The choice to work on Japanese Gampi paper introduces another symbolic layer. Its apparent fragility poetically echoes the precariousness of today’s ecologies, increasingly disrupted by human intervention. Yet these works do more than lament loss—they celebrate the resilience of natural life, animated by vibrant botanical forms and flourishing flora that pulse across the surface. At the same time, Gampi’s historical use as a medium for preserving manuscripts and antiquarian texts deepens the works’ resonance, underscoring a core tension between environmental decline and the human responsibility of custodianship, urging viewers to contemplate the ecological consequences of our actions.
The challenge of using such delicate paper on a large scale—some works span nearly four meters in length—further heightens the tension between fragility and strength.
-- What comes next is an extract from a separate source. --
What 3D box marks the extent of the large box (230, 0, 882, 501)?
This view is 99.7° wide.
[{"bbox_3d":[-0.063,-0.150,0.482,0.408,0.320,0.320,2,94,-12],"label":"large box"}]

The material appears fragile, yet in Ducrot’s hands it reveals a quiet resilience. “I wanted to emphasize the contrast between this paper, which appears extremely fragile, and using it to make very, very large works,” she explained. “It seems so delicate that it sounds absurd to create something so big, but in reality, this Japanese paper is not fragile at all; it’s an incredibly strong paper. It’s a perfect symbol of resilience.”
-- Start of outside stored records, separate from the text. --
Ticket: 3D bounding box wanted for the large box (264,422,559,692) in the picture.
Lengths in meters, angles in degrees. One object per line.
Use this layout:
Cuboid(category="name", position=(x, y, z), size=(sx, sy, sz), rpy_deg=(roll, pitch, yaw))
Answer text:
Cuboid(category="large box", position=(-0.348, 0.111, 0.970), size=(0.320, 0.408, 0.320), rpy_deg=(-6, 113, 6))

Although Ducrot refuses to associate her works with any direct narrative or political commentary, they function as visual metaphors that already carry these critical messages about disrupted natural cycles, as well as a profound devotion to material, encouraging preservation of both substance and tradition. Ultimately, her works invite viewers to explore the layers of meaning embedded in their material and structure. In her vision, the act of preserving artisanal knowledge is not about nostalgia—it becomes a pathway to a different kind of future, a way to reimagine more sustainable, attentive relationships with the natural and material worlds that surround us.
Isabella Ducrot’s “Visited Lands” is on view at Petzel Gallery in New York through July 18, 2025.